Toutes deux supportaient mal leur séparation mais Gabrielle devait terminer sa scolarité avant de pouvoir passer plus de temps ici. Sa cadette l'avait toujours suivie comme son ombre, même à l'école. Fleur ne se le pardonnerait pas si il lui arrivait quelque chose.
Le son d'une vague frappant violemment un rocher attira son attention. Bill, dans un élan de romantisme, la comparait souvent à l'océan. Hypnotisante et puissante. Elle fixa la mer uniquement quelques instants avant que son esprit ne divague de nouveau.
Comment allait Ronald, Harry et Hermione dont ils étaient sans nouvelles depuis des semaines ? Elle avait de l'affection pour son beau-frère qui avait choisi de suivre Harry par amitié, risquant tout par fidélité. Et, elle se souviendrait toujours de lui, assis à côté de sa sœur, emmitouflé, pâle comme un linge à la fin de l'épreuve du lac lors du Tournoi.
Fleur ne pouvait s'empêcher de penser aussi à Cédric. Puis à Alastor Maugrey avant d'être de nouveau rappeler au présent par la voix de Molly, éloignant ses pensées de ceux qui les avaient déjà quittés. Elles ne s'entendraient jamais réellement. Parfois on était tout simplement trop différent pour pouvoir se comprendre. Le même problème se posait d'ailleurs avec Ginny.
Avec une expression grave, Fleur écouta le rapport contenant les dernières informations de l'Ordre. Un quart d'heure plus tard, la jeune française se retrouva seule sur la plage. Du coin de l’œil, à la frontière de la propriété, elle aperçut soudainement du mouvement. Quelqu'un venait de transplaner et ce n'était pas le départ de Molly qui favorisait toujours la poudre de cheminette.
Un sourire fit une timide apparition en constatant l'arrivée de son père. L'homme l'approcha d'un pas jovial, un sac coincé sous le bras.
- Bonjour ma puce. Je t'ai apporté quelques kilos de ta glace préférée.
- Bonjour papa. Merci, c'est gentil.
Arrivé près d'elle, le sorcier la fixa avant de poser ses deux mains sur les joues de la jeune femme après avoir posé son colis à terre.
- Tu as une drôle de tête, ma petite fleur. Est-ce que c'est Bill ? Sa blessure s'aggrave ? Demanda-t-il d'un ton incertain.
Ce n'était pas une supposition déraisonnable. Depuis l'attaque de loup-garou qui avait laissé son mari défiguré, il y avait eu des changements. Les mots se bousculaient dans son esprit en réponse.
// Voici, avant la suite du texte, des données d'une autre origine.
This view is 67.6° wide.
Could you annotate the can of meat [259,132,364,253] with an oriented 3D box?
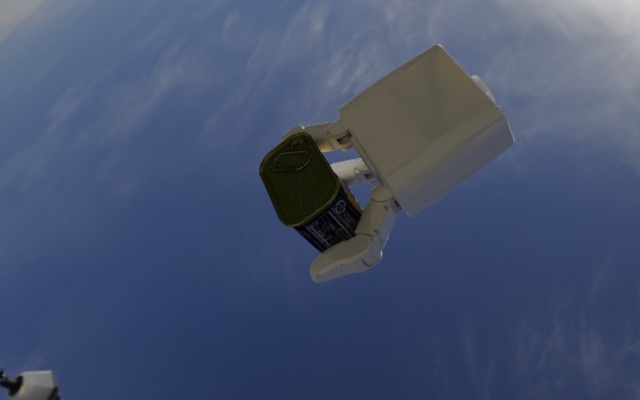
[{"bbox_3d":[0.000,0.002,0.423,0.084,0.057,0.102,47,9,-42],"label":"can of meat"}]
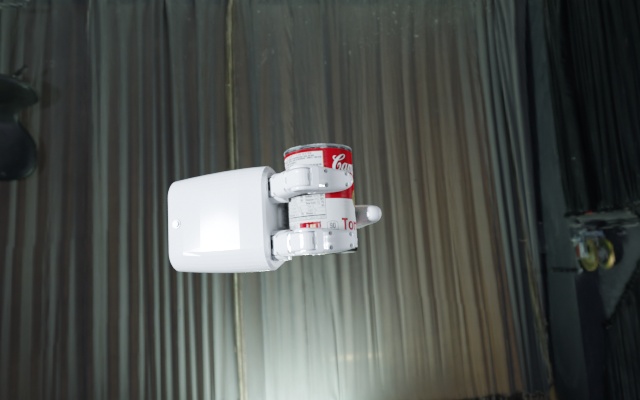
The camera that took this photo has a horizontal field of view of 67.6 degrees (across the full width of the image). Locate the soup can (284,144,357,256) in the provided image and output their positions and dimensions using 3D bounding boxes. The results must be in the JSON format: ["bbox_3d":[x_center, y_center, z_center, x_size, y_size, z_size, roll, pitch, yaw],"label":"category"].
[{"bbox_3d":[0.001,0.002,0.470,0.068,0.102,0.068,-3,-8,0],"label":"soup can"}]
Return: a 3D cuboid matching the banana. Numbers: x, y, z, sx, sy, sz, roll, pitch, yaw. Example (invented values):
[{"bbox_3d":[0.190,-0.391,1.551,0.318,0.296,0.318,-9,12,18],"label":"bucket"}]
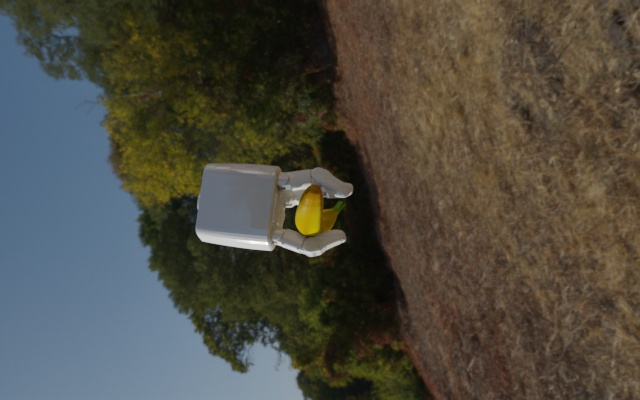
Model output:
[{"bbox_3d":[-0.007,0.020,0.656,0.037,0.069,0.198,23,-1,11],"label":"banana"}]
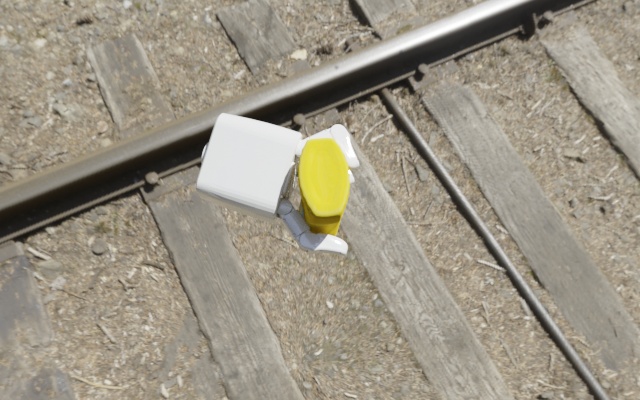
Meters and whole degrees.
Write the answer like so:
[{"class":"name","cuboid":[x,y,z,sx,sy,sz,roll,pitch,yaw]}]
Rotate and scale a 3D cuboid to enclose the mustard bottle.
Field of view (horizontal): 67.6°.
[{"class":"mustard bottle","cuboid":[0.000,0.002,0.613,0.058,0.096,0.192,-6,-19,-5]}]
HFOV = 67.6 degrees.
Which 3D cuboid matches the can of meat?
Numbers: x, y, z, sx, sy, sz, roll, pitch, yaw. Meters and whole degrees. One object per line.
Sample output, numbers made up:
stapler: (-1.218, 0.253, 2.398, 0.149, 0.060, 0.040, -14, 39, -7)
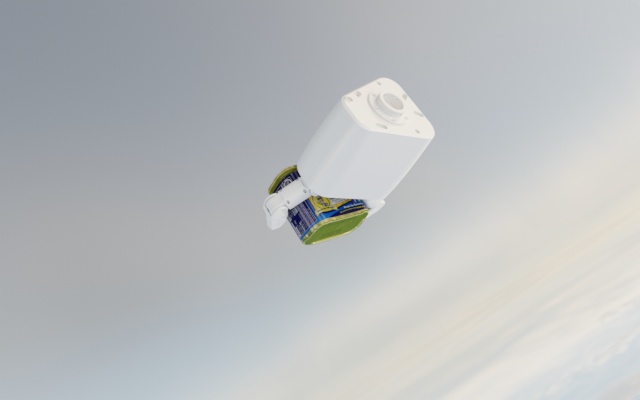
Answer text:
can of meat: (0.000, 0.002, 0.589, 0.102, 0.084, 0.057, -13, -29, -42)
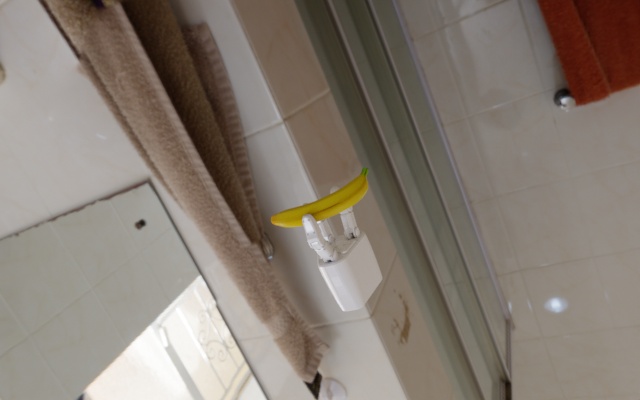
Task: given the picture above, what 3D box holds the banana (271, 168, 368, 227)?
[{"bbox_3d":[0.006,0.007,0.836,0.198,0.037,0.069,-26,21,0],"label":"banana"}]
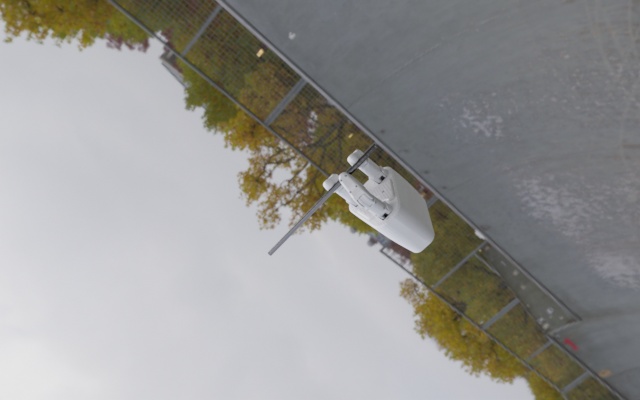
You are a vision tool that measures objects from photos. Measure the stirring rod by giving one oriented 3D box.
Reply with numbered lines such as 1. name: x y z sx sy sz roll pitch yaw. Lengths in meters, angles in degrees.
1. stirring rod: 0.000 0.002 0.733 0.239 0.011 0.011 -46 -15 15
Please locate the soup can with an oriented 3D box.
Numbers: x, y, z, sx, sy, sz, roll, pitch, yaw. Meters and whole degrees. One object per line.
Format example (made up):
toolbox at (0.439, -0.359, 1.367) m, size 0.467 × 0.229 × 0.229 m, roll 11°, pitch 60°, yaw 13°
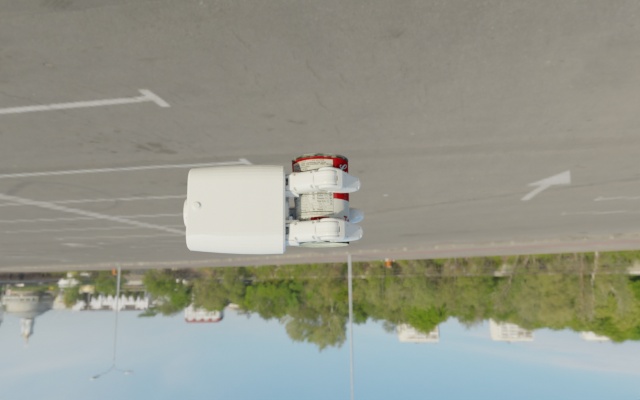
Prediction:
soup can at (0.001, 0.002, 0.563) m, size 0.068 × 0.102 × 0.068 m, roll -1°, pitch -10°, yaw 0°
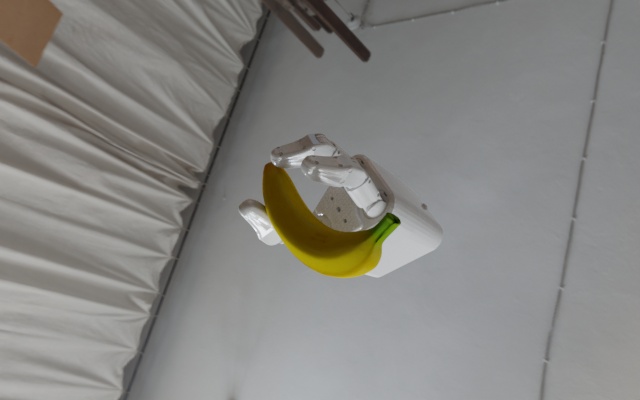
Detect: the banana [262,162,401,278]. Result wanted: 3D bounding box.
[{"bbox_3d":[-0.006,0.019,0.413,0.037,0.069,0.197,25,1,-38],"label":"banana"}]
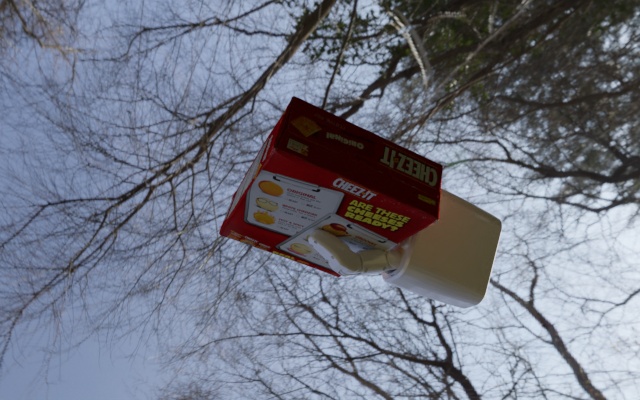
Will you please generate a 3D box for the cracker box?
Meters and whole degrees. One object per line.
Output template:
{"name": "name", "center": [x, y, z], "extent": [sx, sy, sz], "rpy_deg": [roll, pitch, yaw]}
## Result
{"name": "cracker box", "center": [0.000, 0.002, 0.511], "extent": [0.164, 0.072, 0.214], "rpy_deg": [22, -31, -15]}

Bill ne dormait plus très bien, sa qualité de sommeil dépendait dorénavant du cycle lunaire. La cicatrisation de sa joue avançait bien mais il cachait sa douleur. Sa patience avait beaucoup diminué. La fatigue et la douleur pouvaient changer quelqu'un. Ils avaient discuté avec des spécialistes mais Bill refusait de prendre des potions de sommeil à vie.
Il y avait la honte aussi. Parce qu'admettre que changer de cuisson pour la viande revenait à reconnaître qu'il y avait un problème. Et puis une blessure par loup-garou était tabou. Certains collègues l’évitaient dorénavant.
La peur aussi était là à chaque pleine lune, que la maladie se propage et qu'il se transforme. Et une forme de colère car ils avaient dû prendre quelques décisions comme renoncer à adopter un croup, les animaux étant dorénavant craintifs en sa présence.
Mais les mots restèrent coincés dans sa gorge. Parce que la douleur de Bill était aussi indirectement la sienne et qu'elle ne pouvait rien faire. Il n'y aurait jamais de guérison.
- Maman a raison. L'impuissance, c'est terrible.
Son père tendit les bras vers elle avant de la bercer légèrement.
- Oh ! Ma très chère fille, rentrons manger un petit quelque chose, je vais te raconter les derniers potins de la maison, ça va te changer un peu les idées,. Ne le dis pas à ta mère mais il se pourrait que je te laisse manger de la glace alors qu'on est à une heure de déjeuner.
Fleur éclata d'un rire étranglé. Combien de fois avait-il prononcé ces mots dans le passé ?
Tous deux restèrent là de longues secondes avant de prendre le chemin de la maison.